• **TO DO**: The lines from the top of the material through the line with "blk.add_line((-841, 594), (0, 594), dxfattribs=at)" are to be set down exactly. Leave the pictures out.
RECORDS SHOWN Block Start
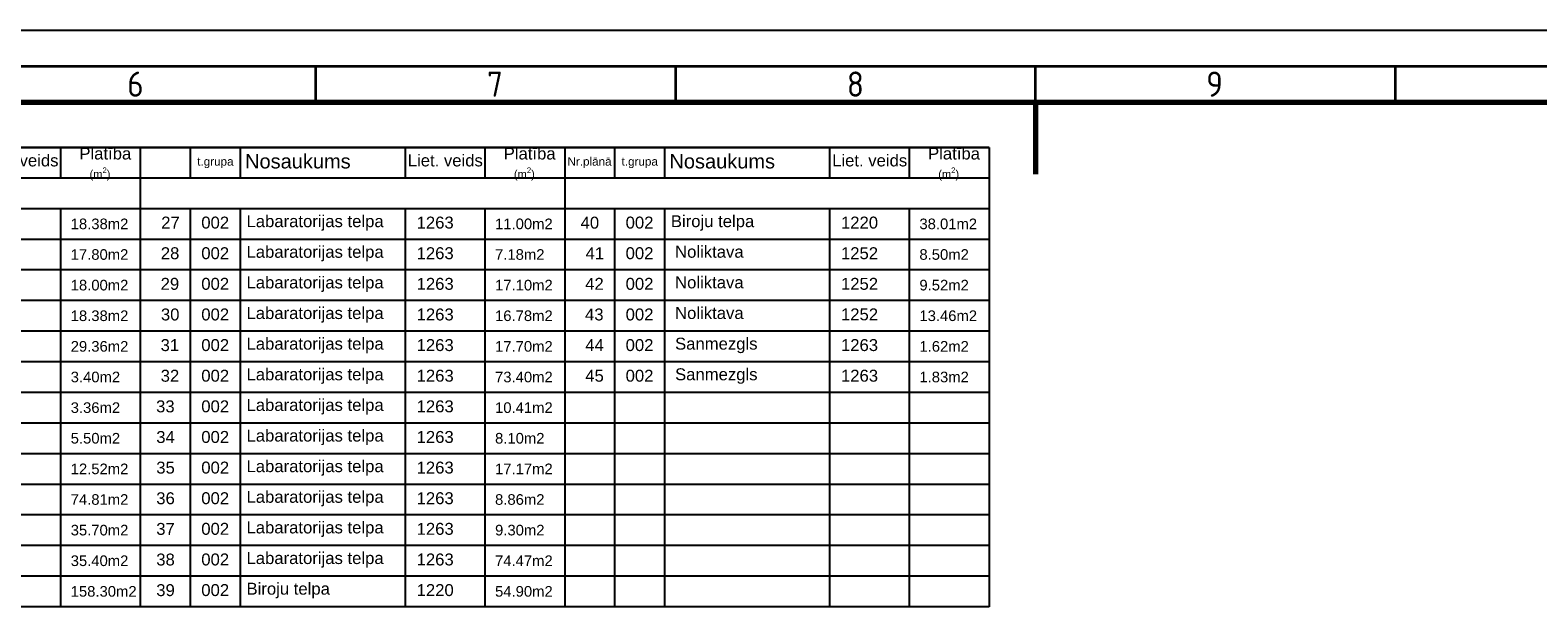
# Model space of a CAD drawing. Header units: millimetres. Extents: x -1662057 to -197461, y -941126 to 63888.
# Tile 159 of 209: x -1623283 to -1594859, y -291992 to -281121. Entities that reach past the tile are written whole.
import ezdxf

# ---------------------------------------------------------------- set-up
doc = ezdxf.new("R2010")
doc.units = ezdxf.units.MM
doc.layers.add('0000 TELPU NUMERĀCIJA - ROOM NUMBERS', color=7, linetype='CONTINUOUS')
doc.layers.add('Rasējuma lapa', color=7, linetype='CONTINUOUS')
doc.styles.add('ISO', font='iso')
doc.styles.add('PBL', font='arial.ttf')

# ---------------------------------------------------------------- blocks, each defined once
blk = doc.blocks.new('A1_L')
at = {"layer": 'Rasējuma lapa'}
blk.add_line((-841, 594), (0, 594), dxfattribs=at)
at = {"layer": 'Rasējuma lapa', "lineweight": 35}
for p, q in [((-826, 589), (-5, 589)), ((-515.5, 584), (-515.5, 589)), ((-465.5, 584), (-465.5, 589)), ((-415.5, 584), (-415.5, 589)), ((-365.5, 584), (-365.5, 589))]:
    blk.add_line(p, q, dxfattribs=at)
at = {"layer": 'Rasējuma lapa', "lineweight": 70}
for p, q in [((-821, 584), (-10, 584)), ((-415.5, 584), (-415.5, 574))]:
    blk.add_line(p, q, dxfattribs=at)
at = {"layer": 'Rasējuma lapa', "style": 'ISO'}
for s, p in [('6', (-541.71, 584.75)), ('7', (-491.72, 584.75)), ('8', (-441.72, 584.75)), ('9', (-391.78, 584.75))]:
    blk.add_text(s, height=3.5, dxfattribs=at).set_placement(p)
blk = doc.blocks.new('*U1264')
at = {"layer": 'Rasējuma lapa'}
blk.add_blockref('A1_L', (0, 0), dxfattribs=at)

msp = doc.modelspace()

# ---------------------------------------------------------------- linework, layer by layer
at = {"layer": '0000 TELPU NUMERĀCIJA - ROOM NUMBERS'}
for p, q in [((-1629205.84105, -283332.38538), (-1621205.84127, -283332.38538)), ((-1621205.84201, -283332.38538), (-1629205.84105, -283332.38538)), ((-1622705.84201, -283909.72494), (-1622705.84201, -283332.38538)), ((-1621205.84201, -283332.38538), (-1621205.84201, -291992.47884)), ((-1621205.84127, -283332.38538), (-1613205.84149, -283332.38538)), ((-1613205.84223, -283332.38538), (-1621205.84127, -283332.38538)), ((-1621205.84127, -283332.38538), (-1621205.84127, -291992.47884)), ((-1620265.44666, -283332.38538), (-1620265.44666, -283909.72494)), ((-1619325.05206, -283332.38538), (-1619325.05206, -283909.72494)), ((-1616205.84223, -283909.72494), (-1616205.84223, -283332.38538)), ((-1614705.84223, -283909.72494), (-1614705.84223, -283332.38538)), ((-1613205.84223, -283332.38538), (-1613205.84223, -291992.47884)), ((-1613205.84149, -283332.38538), (-1605205.84171, -283332.38538)), ((-1605205.84246, -283332.38538), (-1613205.84149, -283332.38538)), ((-1613205.84149, -283332.38538), (-1613205.84149, -291992.47884)), ((-1612265.44688, -283332.38538), (-1612265.44688, -283909.72494)), ((-1611325.05228, -283332.38538), (-1611325.05228, -283909.72494)), ((-1608205.84246, -283909.72494), (-1608205.84246, -283332.38538)), ((-1606705.84246, -283909.72494), (-1606705.84246, -283332.38538)), ((-1605205.84246, -283332.38538), (-1605205.84246, -291992.47884)), ((-1621205.84201, -283909.72494), (-1629205.84105, -283909.72494)), ((-1613205.84223, -283909.72494), (-1621205.84127, -283909.72494)), ((-1605205.84246, -283909.72494), (-1613205.84149, -283909.72494)), ((-1621205.84201, -284487.06451), (-1629205.84105, -284487.06451)), ((-1622705.84201, -291992.47884), (-1622705.84201, -284487.06451)), ((-1613205.84223, -284487.06451), (-1621205.84127, -284487.06451)), ((-1620265.44666, -284487.06451), (-1620265.44666, -291992.47884)), ((-1619325.05206, -284487.06451), (-1619325.05206, -291992.47884)), ((-1616205.84223, -291992.47884), (-1616205.84223, -284487.06451)), ((-1614705.84223, -291992.47884), (-1614705.84223, -284487.06451)), ((-1605205.84246, -284487.06451), (-1613205.84149, -284487.06451)), ((-1612265.44688, -284487.06451), (-1612265.44688, -291992.47884)), ((-1611325.05228, -284487.06451), (-1611325.05228, -291992.47884)), ((-1608205.84246, -291992.47884), (-1608205.84246, -284487.06451)), ((-1606705.84246, -291992.47884), (-1606705.84246, -284487.06451)), ((-1621205.84201, -285064.40407), (-1629205.84105, -285064.40407)), ((-1613205.84223, -285064.40407), (-1621205.84127, -285064.40407)), ((-1605205.84246, -285064.40407), (-1613205.84149, -285064.40407)), ((-1621205.84201, -285641.74364), (-1629205.84105, -285641.74364)), ((-1613205.84223, -285641.74364), (-1621205.84127, -285641.74364)), ((-1605205.84246, -285641.74364), (-1613205.84149, -285641.74364)), ((-1621205.84201, -286219.0832), (-1629205.84105, -286219.0832)), ((-1613205.84223, -286219.0832), (-1621205.84127, -286219.0832)), ((-1605205.84246, -286219.0832), (-1613205.84149, -286219.0832)), ((-1621205.84201, -286796.42276), (-1629205.84105, -286796.42276)), ((-1613205.84223, -286796.42276), (-1621205.84127, -286796.42276)), ((-1605205.84246, -286796.42276), (-1613205.84149, -286796.42276)), ((-1621205.84201, -287373.76233), (-1629205.84105, -287373.76233)), ((-1613205.84223, -287373.76233), (-1621205.84127, -287373.76233)), ((-1605205.84246, -287373.76233), (-1613205.84149, -287373.76233)), ((-1621205.84201, -287951.10189), (-1629205.84105, -287951.10189)), ((-1613205.84223, -287951.10189), (-1621205.84127, -287951.10189)), ((-1605205.84246, -287951.10189), (-1613205.84149, -287951.10189)), ((-1621205.84201, -288528.44146), (-1629205.84105, -288528.44146)), ((-1613205.84223, -288528.44146), (-1621205.84127, -288528.44146)), ((-1605205.84246, -288528.44146), (-1613205.84149, -288528.44146)), ((-1621205.84201, -289105.78102), (-1629205.84105, -289105.78102)), ((-1621205.84201, -289105.78102), (-1629205.84105, -289105.78102)), ((-1613205.84223, -289105.78102), (-1621205.84127, -289105.78102)), ((-1613205.84223, -289105.78102), (-1621205.84127, -289105.78102)), ((-1605205.84246, -289105.78102), (-1613205.84149, -289105.78102)), ((-1605205.84246, -289105.78102), (-1613205.84149, -289105.78102)), ((-1621205.84201, -289683.12058), (-1629205.84105, -289683.12058)), ((-1621205.84201, -289683.12058), (-1629205.84105, -289683.12058)), ((-1613205.84223, -289683.12058), (-1621205.84127, -289683.12058)), ((-1613205.84223, -289683.12058), (-1621205.84127, -289683.12058)), ((-1605205.84246, -289683.12058), (-1613205.84149, -289683.12058)), ((-1605205.84246, -289683.12058), (-1613205.84149, -289683.12058)), ((-1621205.84201, -290260.46015), (-1629205.84105, -290260.46015)), ((-1621205.84201, -290260.46015), (-1629205.84105, -290260.46015)), ((-1621205.84201, -290260.46015), (-1629205.84105, -290260.46015)), ((-1613205.84223, -290260.46015), (-1621205.84127, -290260.46015)), ((-1613205.84223, -290260.46015), (-1621205.84127, -290260.46015)), ((-1613205.84223, -290260.46015), (-1621205.84127, -290260.46015)), ((-1605205.84246, -290260.46015), (-1613205.84149, -290260.46015)), ((-1605205.84246, -290260.46015), (-1613205.84149, -290260.46015)), ((-1605205.84246, -290260.46015), (-1613205.84149, -290260.46015)), ((-1621205.84201, -290837.79971), (-1629205.84105, -290837.79971)), ((-1621205.84201, -290837.79971), (-1629205.84105, -290837.79971)), ((-1621205.84201, -290837.79971), (-1629205.84105, -290837.79971)), ((-1613205.84223, -290837.79971), (-1621205.84127, -290837.79971)), ((-1613205.84223, -290837.79971), (-1621205.84127, -290837.79971)), ((-1613205.84223, -290837.79971), (-1621205.84127, -290837.79971)), ((-1605205.84246, -290837.79971), (-1613205.84149, -290837.79971)), ((-1605205.84246, -290837.79971), (-1613205.84149, -290837.79971)), ((-1605205.84246, -290837.79971), (-1613205.84149, -290837.79971)), ((-1621205.84201, -291415.13927), (-1629205.84105, -291415.13927)), ((-1621205.84201, -291415.13927), (-1629205.84105, -291415.13927)), ((-1621205.84201, -291415.13927), (-1629205.84105, -291415.13927)), ((-1613205.84223, -291415.13927), (-1621205.84127, -291415.13927)), ((-1613205.84223, -291415.13927), (-1621205.84127, -291415.13927)), ((-1613205.84223, -291415.13927), (-1621205.84127, -291415.13927)), ((-1605205.84246, -291415.13927), (-1613205.84149, -291415.13927)), ((-1605205.84246, -291415.13927), (-1613205.84149, -291415.13927)), ((-1605205.84246, -291415.13927), (-1613205.84149, -291415.13927)), ((-1621205.84201, -291992.47884), (-1629205.84105, -291992.47884)), ((-1613205.84223, -291992.47884), (-1621205.84127, -291992.47884)), ((-1605205.8432, -291992.47884), (-1613205.84223, -291992.47884)), ((-1605205.8432, -291992.47884), (-1613205.84223, -291992.47884)), ((-1605205.8432, -291992.47884), (-1613205.84223, -291992.47884))]:
    msp.add_line(p, q, dxfattribs=at)

# ---------------------------------------------------------------- block references
at = {"layer": 'Rasējuma lapa', "xscale": 135.6730224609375, "yscale": 135.6730224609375, "zscale": 135.6730224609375}
msp.add_blockref('*U1264', (-1547956.19836, -361710.6175), dxfattribs=at)

# ---------------------------------------------------------------- texts
at = {"layer": '0000 TELPU NUMERĀCIJA - ROOM NUMBERS', "style": 'PBL'}
for s, height, p in [('18.38m2', 200, (-1622518.21535, -284872.72753)), ('27', 225, (-1620811.30904, -284860.84946)), ('002', 225, (-1620056.39363, -284860.84946)), ('1263', 225, (-1615996.7892, -284860.84946)), ('11.00m2', 200, (-1614518.21557, -284872.72753)), ('40', 225, (-1612905.31506, -284861.97251)), ('002', 225, (-1612056.39385, -284860.84946)), ('1220', 225, (-1607996.78942, -284860.84946)), ('38.01m2', 200, (-1606518.21579, -284872.72753)), ('17.80m2', 200, (-1622518.21535, -285450.0671)), ('28', 225, (-1620819.36668, -285438.34946)), ('002', 225, (-1620056.39363, -285438.18902)), ('1263', 225, (-1615996.7892, -285438.18902)), ('7.18m2', 200, (-1614518.21557, -285450.0671)), ('41', 225, (-1612811.30926, -285438.18902)), ('002', 225, (-1612056.39385, -285438.18902)), ('Noliktava', 225, (-1611124.57685, -285410.90407)), ('1252', 225, (-1607996.78942, -285438.18902)), ('8.50m2', 200, (-1606518.21579, -285450.0671)), ('18.00m2', 200, (-1622518.21535, -286027.40666)), ('29', 225, (-1620822.513, -286015.84946)), ('002', 225, (-1620056.39363, -286015.52859)), ('1263', 225, (-1615996.7892, -286015.52859)), ('17.10m2', 200, (-1614518.21557, -286027.40666)), ('42', 225, (-1612819.3669, -286015.68902)), ('002', 225, (-1612056.39385, -286015.52859)), ('Noliktava', 225, (-1611124.57685, -285988.24364)), ('1252', 225, (-1607996.78942, -286015.52859)), ('9.52m2', 200, (-1606518.21579, -286027.40666)), ('18.38m2', 200, (-1622518.21535, -286604.74622)), ('30', 225, (-1620817.44819, -286593.34946)), ('002', 225, (-1620056.39363, -286592.86815)), ('1263', 225, (-1615996.7892, -286592.86815)), ('16.78m2', 200, (-1614518.21557, -286604.74622)), ('43', 225, (-1612822.51322, -286593.18902)), ('002', 225, (-1612056.39385, -286592.86815)), ('Noliktava', 225, (-1611124.57685, -286565.5832)), ('1252', 225, (-1607996.78942, -286591.09143)), ('13.46m2', 200, (-1606518.21579, -286604.74622)), ('29.36m2', 200, (-1622518.21535, -287182.08579)), ('31', 225, (-1620823.28039, -287170.84946)), ('002', 225, (-1620056.39363, -287170.20771)), ('1263', 225, (-1615996.7892, -287170.20771)), ('17.70m2', 200, (-1614518.21557, -287182.08579)), ('44', 225, (-1612817.44841, -287170.68902)), ('002', 225, (-1612056.39385, -287170.20771)), ('Sanmezgls', 225, (-1611124.57685, -287143.40407)), ('1263', 225, (-1607996.78942, -287170.1222)), ('1.62m2', 200, (-1606518.21579, -287182.08579)), ('3.40m2', 200, (-1622518.21535, -287759.42535)), ('32', 225, (-1620821.7456, -287748.34946)), ('002', 225, (-1620056.39363, -287747.54728)), ('1263', 225, (-1615996.7892, -287747.54728)), ('73.40m2', 200, (-1614518.21557, -287759.42535)), ('45', 225, (-1612817.44841, -287748.02859)), ('002', 225, (-1612056.39385, -287747.54728)), ('Sanmezgls', 225, (-1611124.57685, -287720.74364)), ('1263', 225, (-1607996.78942, -287747.54728)), ('1.83m2', 200, (-1606518.21579, -287759.42535)), ('3.36m2', 200, (-1622518.21535, -288336.76492)), ('33', 225, (-1620908.76811, -288325.84946)), ('002', 225, (-1620056.39363, -288324.88684)), ('1263', 225, (-1615996.7892, -288324.88684)), ('10.41m2', 200, (-1614518.21557, -288336.76492)), ('5.50m2', 200, (-1622518.21535, -288914.10448)), ('34', 225, (-1620905.31484, -288903.34946)), ('002', 225, (-1620056.39363, -288902.22641)), ('1263', 225, (-1615996.7892, -288902.22641)), ('8.10m2', 200, (-1614518.21557, -288914.10448)), ('12.52m2', 200, (-1622518.21535, -289491.44404)), ('35', 225, (-1620905.31484, -289480.68902)), ('002', 225, (-1620056.39363, -289479.56597)), ('1263', 225, (-1615996.7892, -289479.56597)), ('17.17m2', 200, (-1614518.21557, -289491.44404)), ('74.81m2', 200, (-1622518.21535, -290068.78361)), ('36', 225, (-1620905.31484, -290058.02859)), ('002', 225, (-1620056.39363, -290056.90553)), ('1263', 225, (-1615996.7892, -290056.90553)), ('8.86m2', 200, (-1614518.21557, -290068.78361)), ('35.70m2', 200, (-1622518.21535, -290646.12317)), ('37', 225, (-1620905.31484, -290635.36815)), ('002', 225, (-1620056.39363, -290634.2451)), ('1263', 225, (-1615996.7892, -290634.2451)), ('9.30m2', 200, (-1614518.21557, -290646.12317)), ('35.40m2', 200, (-1622518.21535, -291223.46273)), ('38', 225, (-1620905.31484, -291212.70771)), ('002', 225, (-1620056.39363, -291211.58466)), ('1263', 225, (-1615996.7892, -291211.58466)), ('74.47m2', 200, (-1614518.21557, -291223.46273)), ('158.30m2', 200, (-1622518.21535, -291800.8023)), ('39', 225, (-1620905.31484, -291790.04728)), ('002', 225, (-1620056.39363, -291788.92423)), ('1220', 225, (-1615996.7892, -291788.92423)), ('54.90m2', 200, (-1614518.21557, -291800.8023))]:
    msp.add_text(s, height=height, dxfattribs=at).set_placement(p)
at = {"layer": '0000 TELPU NUMERĀCIJA - ROOM NUMBERS', "color": 140, "style": 'PBL'}
for s, p in [('Labaratorijas telpa', (-1619203.85097, -284834.68756)), ('Biroju telpa', (-1611203.85119, -284834.68756)), ('Labaratorijas telpa', (-1619203.85097, -285412.02713)), ('Labaratorijas telpa', (-1619203.85097, -285989.36669)), ('Labaratorijas telpa', (-1619203.85097, -286566.70625)), ('Labaratorijas telpa', (-1619203.85097, -287144.04582)), ('Labaratorijas telpa', (-1619203.85097, -287721.38538)), ('Labaratorijas telpa', (-1619203.85097, -288298.72494)), ('Labaratorijas telpa', (-1619203.85097, -288876.06451)), ('Labaratorijas telpa', (-1619203.85097, -289453.40407)), ('Labaratorijas telpa', (-1619203.85097, -290030.74364)), ('Labaratorijas telpa', (-1619203.85097, -290608.0832)), ('Labaratorijas telpa', (-1619203.85097, -291185.42276)), ('Biroju telpa', (-1619203.85097, -291762.76233))]:
    msp.add_text(s, height=225, dxfattribs=at).set_placement(p)
at = {"layer": '0000 TELPU NUMERĀCIJA - ROOM NUMBERS', "attachment_point": 1, "style": 'PBL'}
for s, insert, char_height, width in [('\\A1;\\pi373.52;{\\fArial|b0|i0|c186|p34;Platība \\P\\pi564.79;\\H0.66667x;(m\\H0.7x;\\S2^ ;\\H1.4286x;)}', (-1630705.84105, -283332.38538), 225, 1500), ('\\A1;\\pi373.52;{\\fArial|b0|i0|c186|p34;Platība \\P\\pi564.79;\\H0.66667x;(m\\H0.7x;\\S2^ ;\\H1.4286x;)}', (-1622728.5353, -283334.1621), 225, 1500), ('\\A1;\\pi373.52;{\\fArial|b0|i0|c186|p34;Platība \\P\\pi564.79;\\H0.66667x;(m\\H0.7x;\\S2^ ;\\H1.4286x;)}', (-1614728.53552, -283334.1621), 225, 1500), ('\\A1;\\pi373.52;{\\fArial|b0|i0|c186|p34;Platība \\P\\pi564.79;\\H0.66667x;(m\\H0.7x;\\S2^ ;\\H1.4286x;)}', (-1606728.53574, -283334.1621), 225, 1500), ('\\A1;\\pxqc;{\\fArial|b0|i0|c186|p34;Liet. veids}', (-1624205.84201, -283464.59362), 225, 1500), ('\\pxi-0.18834;{\\fArial|b0|i0|c186|p34;t.grupa}', (-1620103.46899, -283516.93434), 157.5, 776.5110072), ('\\pxqc;{\\fArial|b0|i0|c186|p34;Nosaukums}', (-1620265.44677, -283457.76507), 270, 4059.6045343), ('\\pi-29.664;{\\fArial|b0|i0|c186|p34;Nr.plānā}', (-1613123.64343, -283516.93434), 157.5, 776.5110072), ('\\A1;\\pxqc;{\\fArial|b0|i0|c186|p34;Liet. veids}', (-1616205.84223, -283464.59362), 225, 1500), ('\\pxi-0.18834;{\\fArial|b0|i0|c186|p34;t.grupa}', (-1612103.46921, -283516.93434), 157.5, 776.5110072), ('\\pxqc;{\\fArial|b0|i0|c186|p34;Nosaukums}', (-1612265.44699, -283457.76507), 270, 4059.6045343), ('\\A1;\\pxqc;{\\fArial|b0|i0|c186|p34;Liet. veids}', (-1608205.84246, -283464.59362), 225, 1500)]:
    msp.add_mtext(s, dxfattribs=dict(at, insert=insert, char_height=char_height, width=width))

doc.saveas('drawing.dxf')
RECORDS SHOWN Block End
• **RESPONSE BELOW**:
# Model space of a CAD drawing. Header units: millimetres. Extents: x -1662057 to -197461, y -941126 to 63888.
# Tile 159 of 209: x -1623283 to -1594859, y -291992 to -281121. Entities that reach past the tile are written whole.
import ezdxf

# ---------------------------------------------------------------- set-up
doc = ezdxf.new("R2010")
doc.units = ezdxf.units.MM
doc.layers.add('0000 TELPU NUMERĀCIJA - ROOM NUMBERS', color=7, linetype='CONTINUOUS')
doc.layers.add('Rasējuma lapa', color=7, linetype='CONTINUOUS')
doc.styles.add('ISO', font='iso')
doc.styles.add('PBL', font='arial.ttf')

# ---------------------------------------------------------------- blocks, each defined once
blk = doc.blocks.new('A1_L')
at = {"layer": 'Rasējuma lapa'}
blk.add_line((-841, 594), (0, 594), dxfattribs=at)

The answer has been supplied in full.